(What the exercise asks) Without including any pictures, copy each entry below exactly.

+ + +

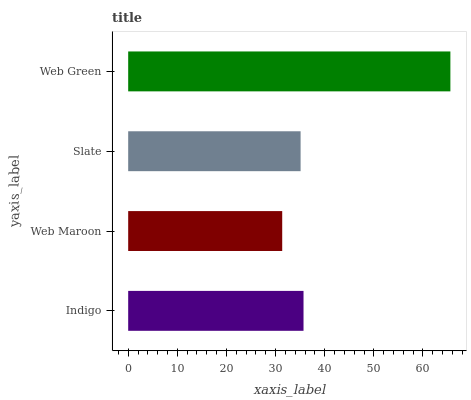Is Web Maroon the minimum?
Answer yes or no. Yes. Is Web Green the maximum?
Answer yes or no. Yes. Is Slate the minimum?
Answer yes or no. No. Is Slate the maximum?
Answer yes or no. No. Is Slate greater than Web Maroon?
Answer yes or no. Yes. Is Web Maroon less than Slate?
Answer yes or no. Yes. Is Web Maroon greater than Slate?
Answer yes or no. No. Is Slate less than Web Maroon?
Answer yes or no. No. Is Indigo the high median?
Answer yes or no. Yes. Is Slate the low median?
Answer yes or no. Yes. Is Slate the high median?
Answer yes or no. No. Is Web Green the low median?
Answer yes or no. No. 
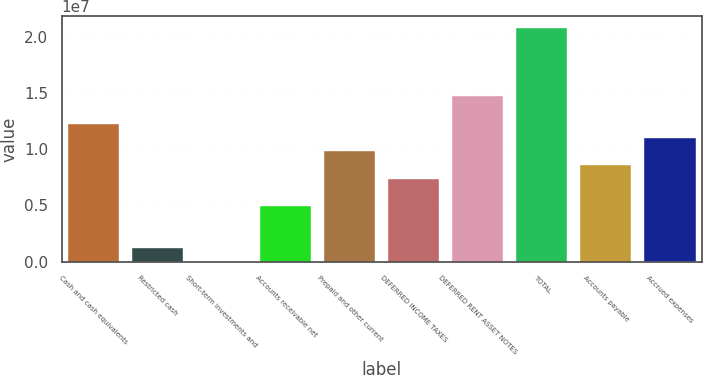Convert chart. <chart><loc_0><loc_0><loc_500><loc_500><bar_chart><fcel>Cash and cash equivalents<fcel>Restricted cash<fcel>Short-term investments and<fcel>Accounts receivable net<fcel>Prepaid and other current<fcel>DEFERRED INCOME TAXES<fcel>DEFERRED RENT ASSET NOTES<fcel>TOTAL<fcel>Accounts payable<fcel>Accrued expenses<nl><fcel>1.22424e+07<fcel>1.24428e+06<fcel>22270<fcel>4.91032e+06<fcel>9.79837e+06<fcel>7.35434e+06<fcel>1.46864e+07<fcel>2.07965e+07<fcel>8.57636e+06<fcel>1.10204e+07<nl></chart> 
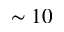Convert formula to latex. <formula><loc_0><loc_0><loc_500><loc_500>\sim 1 0</formula> 
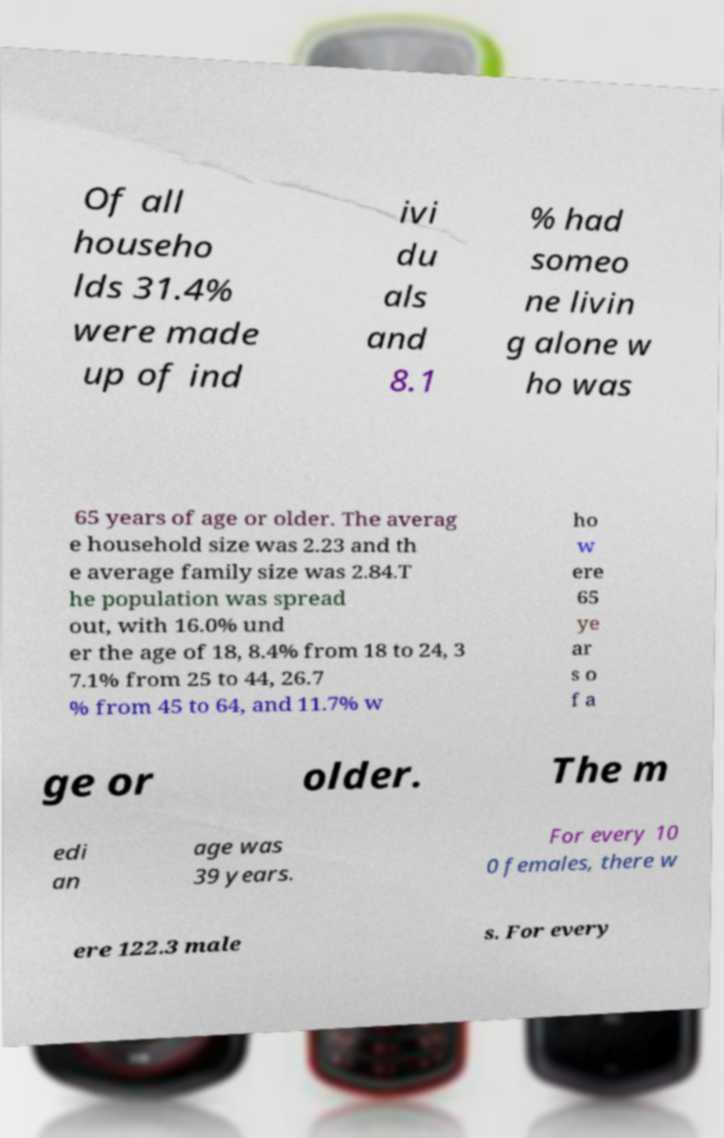Can you accurately transcribe the text from the provided image for me? Of all househo lds 31.4% were made up of ind ivi du als and 8.1 % had someo ne livin g alone w ho was 65 years of age or older. The averag e household size was 2.23 and th e average family size was 2.84.T he population was spread out, with 16.0% und er the age of 18, 8.4% from 18 to 24, 3 7.1% from 25 to 44, 26.7 % from 45 to 64, and 11.7% w ho w ere 65 ye ar s o f a ge or older. The m edi an age was 39 years. For every 10 0 females, there w ere 122.3 male s. For every

+ + +

(Answer to the exercise)
Is Web Maroon the minimum?
Answer yes or no. Yes. Is Web Green the maximum?
Answer yes or no. Yes. Is Slate the minimum?
Answer yes or no. No. Is Slate the maximum?
Answer yes or no. No. Is Slate greater than Web Maroon?
Answer yes or no. Yes. Is Web Maroon less than Slate?
Answer yes or no. Yes. Is Web Maroon greater than Slate?
Answer yes or no. No. Is Slate less than Web Maroon?
Answer yes or no. No. Is Indigo the high median?
Answer yes or no. Yes. Is Slate the low median?
Answer yes or no. Yes. Is Slate the high median?
Answer yes or no. No. Is Web Green the low median?
Answer yes or no. No. 
Convert chart. <chart><loc_0><loc_0><loc_500><loc_500><bar_chart><fcel>Cash and cash equivalents<fcel>Restricted cash<fcel>Short-term investments and<fcel>Accounts receivable net<fcel>Prepaid and other current<fcel>DEFERRED INCOME TAXES<fcel>DEFERRED RENT ASSET NOTES<fcel>TOTAL<fcel>Accounts payable<fcel>Accrued expenses<nl><fcel>1.22424e+07<fcel>1.24428e+06<fcel>22270<fcel>4.91032e+06<fcel>9.79837e+06<fcel>7.35434e+06<fcel>1.46864e+07<fcel>2.07965e+07<fcel>8.57636e+06<fcel>1.10204e+07<nl></chart> 
Convert formula to latex. <formula><loc_0><loc_0><loc_500><loc_500>\sim 1 0</formula> 
Can you accurately transcribe the text from the provided image for me? Of all househo lds 31.4% were made up of ind ivi du als and 8.1 % had someo ne livin g alone w ho was 65 years of age or older. The averag e household size was 2.23 and th e average family size was 2.84.T he population was spread out, with 16.0% und er the age of 18, 8.4% from 18 to 24, 3 7.1% from 25 to 44, 26.7 % from 45 to 64, and 11.7% w ho w ere 65 ye ar s o f a ge or older. The m edi an age was 39 years. For every 10 0 females, there w ere 122.3 male s. For every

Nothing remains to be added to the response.